The word “disinfection” means the destruction of pathogenic microbes in the human environment. Taking into account the role of disinfection in the system of preventive and anti-epidemic measures, it is customary to divide it into preventive and focal. The latter, in turn, is divided into the current and final.

Preventive disinfection

Preventive disinfection prevents the spread of infectious diseases in a locality or among certain populations. To this end, it is carried out in water supply facilities, food facilities, including food outlets, animal processing plants, public facilities (stations, clubs, hotels, theatres, vehicles, etc.), health facilities, public restrooms, etc., depending on the facility for disinfection use a variety of means.

For example, chlorination is used to decontaminate water; utensils, bedding and a number of other objects are decontaminated; in public places wash the floor with hot water or subject the room to wet cleaning with disinfectant solutions, etc.

Regardless of the method of preventive disinfection, eliminating the possibility of transmission by any factor, excludes the spread of not one, but many diseases with the same mechanism of transmission. The effectiveness of this type of disinfection is affected by the regularity of its conduct, so chlorination of water at water stations, pasteurization of milk, etc. is carried out systematically.

Ochdaya disinfection

The deir, as the name implies, is carried out in an epidemic hearth. If the patient is present here, the patient is disinfected. After hospitalization, recovery or death of the patient carry out final disinfection. It should be noted that both types of disinfection are performed in the medical facility where the infectious patient is located.

Current disinfection

Current disinfection is one of the important methods that exclude infection of persons communicating with the patient. Its main task is the immediate disposal of the patient’s discharge (cal, sputum, vomit, urine) and various objects on which they can get.

The effectiveness of the current disinfection in different diseases varies. The best results it gives in intestinal infections due to periodic disposal of secretions and infections of the outer cover, if the affected places are covered with a bandage, a cap, stockings and socks, which is not difficult to decontaminate. In respiratory infections, the possibilities for ongoing disinfection are limited due to the constant excretion of the pathogen with exhaled air. In the case of this group of diseases, the wearing of respirators, as well as the use of spitting patients with active forms of pulmonary tuberculosis, justified itself.

The organization of the current disinfection is carried out by medical workers of sanitary, epidemiological and medical-preventive institutions (sanitary and epidemiological station, disinfection station, clinic, health center, children’s consultation, etc.). The role of doctors and paramedics in providing home health care is particularly important in this regard. They are obliged to teach the patient basic rules of personal hygiene and to implement rational methods of care for him, used to prevent the spread of infection. In the medical institution, the organization of the current disinfection is the responsibility of the head of the department.

Final disinfection

The final disinfection is carried out in diseases, the pathogens of which remain viable outside the human body. Its task is to decontaminate objects with which the patient came into contact (room, furnishings and care items, clothes, leftover food, etc.). The list of objects to be disinfected is determined by a doctor or an average health care professional, based on the mechanism of transmission of the disease. For example, in the case of intestinal infection, there is no point in disinfecting the top of the walls and ceiling. In contrast, in airborne infections, disinfection of these parts of the room is necessary. The effectiveness of the final disinfection is influenced by the timing of its implementation. Therefore, according to the instructions, it should be held no later than 6 hours in cities and 12 hours in rural areas after the evacuation of the patient.

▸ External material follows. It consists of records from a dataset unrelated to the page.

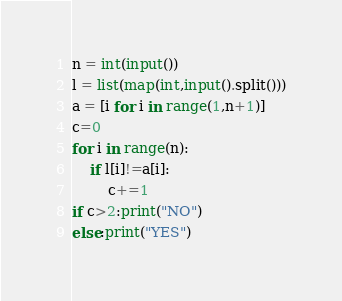<code> <loc_0><loc_0><loc_500><loc_500><_Python_>n = int(input())
l = list(map(int,input().split()))
a = [i for i in range(1,n+1)]
c=0
for i in range(n):
    if l[i]!=a[i]:
        c+=1
if c>2:print("NO")
else:print("YES")</code> 
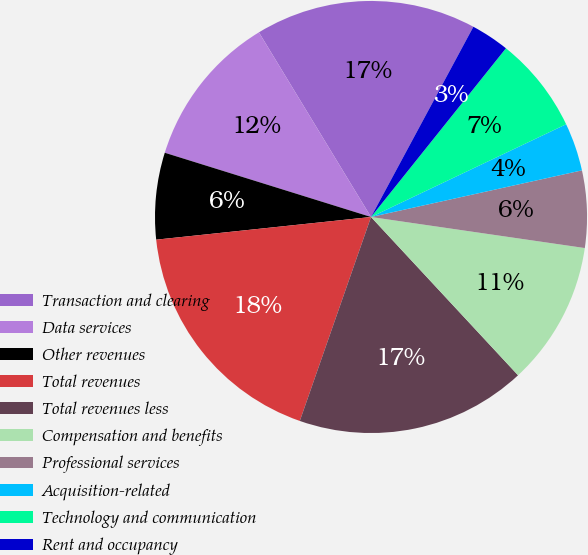<chart> <loc_0><loc_0><loc_500><loc_500><pie_chart><fcel>Transaction and clearing<fcel>Data services<fcel>Other revenues<fcel>Total revenues<fcel>Total revenues less<fcel>Compensation and benefits<fcel>Professional services<fcel>Acquisition-related<fcel>Technology and communication<fcel>Rent and occupancy<nl><fcel>16.54%<fcel>11.51%<fcel>6.48%<fcel>17.98%<fcel>17.26%<fcel>10.79%<fcel>5.76%<fcel>3.6%<fcel>7.2%<fcel>2.88%<nl></chart> 
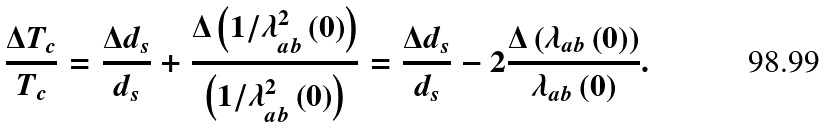<formula> <loc_0><loc_0><loc_500><loc_500>\frac { \Delta T _ { c } } { T _ { c } } = \frac { \Delta d _ { s } } { d _ { s } } + \frac { \Delta \left ( 1 / \lambda _ { a b } ^ { 2 } \left ( 0 \right ) \right ) } { \left ( 1 / \lambda _ { a b } ^ { 2 } \left ( 0 \right ) \right ) } = \frac { \Delta d _ { s } } { d _ { s } } - 2 \frac { \Delta \left ( \lambda _ { a b } \left ( 0 \right ) \right ) } { \lambda _ { a b } \left ( 0 \right ) } .</formula> 
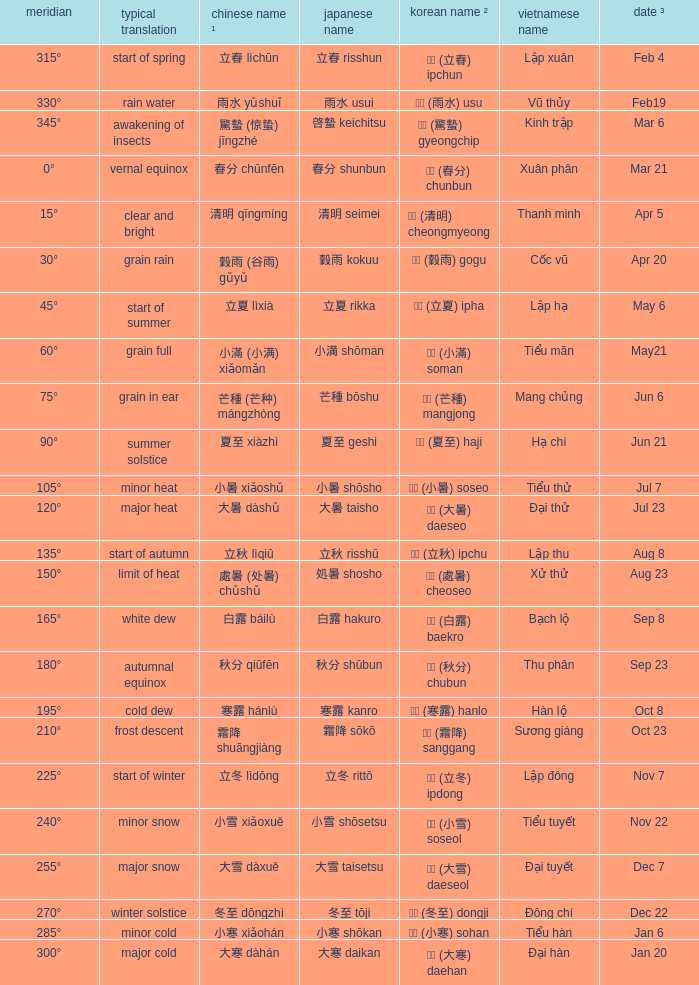Which Japanese name has a Korean name ² of 경칩 (驚蟄) gyeongchip? 啓蟄 keichitsu.

Mechanical, physical and chemical methods and means are used in different types of disinfection. They are very diverse.

Mechanical methods and means include washing hands with soap and brushing, wet cleaning of premises, removing dust with a vacuum cleaner and shaking out soft things, washing laundry, periodic whitewashing of walls, airing of premises, etc. Therefore, individual mechanical methods should be combined with the use of chemicals.

From physical means and means more often used boiling, burning and processing steam.

To defuse boiling, the objects are placed in cold water and then heated. The duration of boiling (exposure) is calculated from the moment of boiling water. If there are vegetative forms of microbes on the objects, boiling is carried out for 15-30 minutes, and in the presence of spo dispute forms of microbes – 1.5-2 hours. Metal objects (tools, utensils, etc.) boil for 10-15 minutes. In these cases, 1-2% of soda, 0.5% soap or washing powder are added to the water to dissolve fat and proteins on the objects.

Some objects (milk, grape juice, etc.) release from vegetative forms of pathogenic microbes by heating at a temperature of less than 100 degrees (pasteurization). Apply “high” pasteurization of milk with heating up to 85 degrees without soaking and “low” with heating up to 63 degrees and soaking for 30 minutes.

Disinfection flowing steam and steam under pressure are carried out with the help of autoclaves and disinfectant chambers.

Burning is used to neutralize low-value materials and objects, sometimes secretions, as well as corpses of people and animals.

Of the chemical disinfectants in disinfection practice most often used chlorine-containing agents, phenols, cresols and their derivatives, formaldehyde.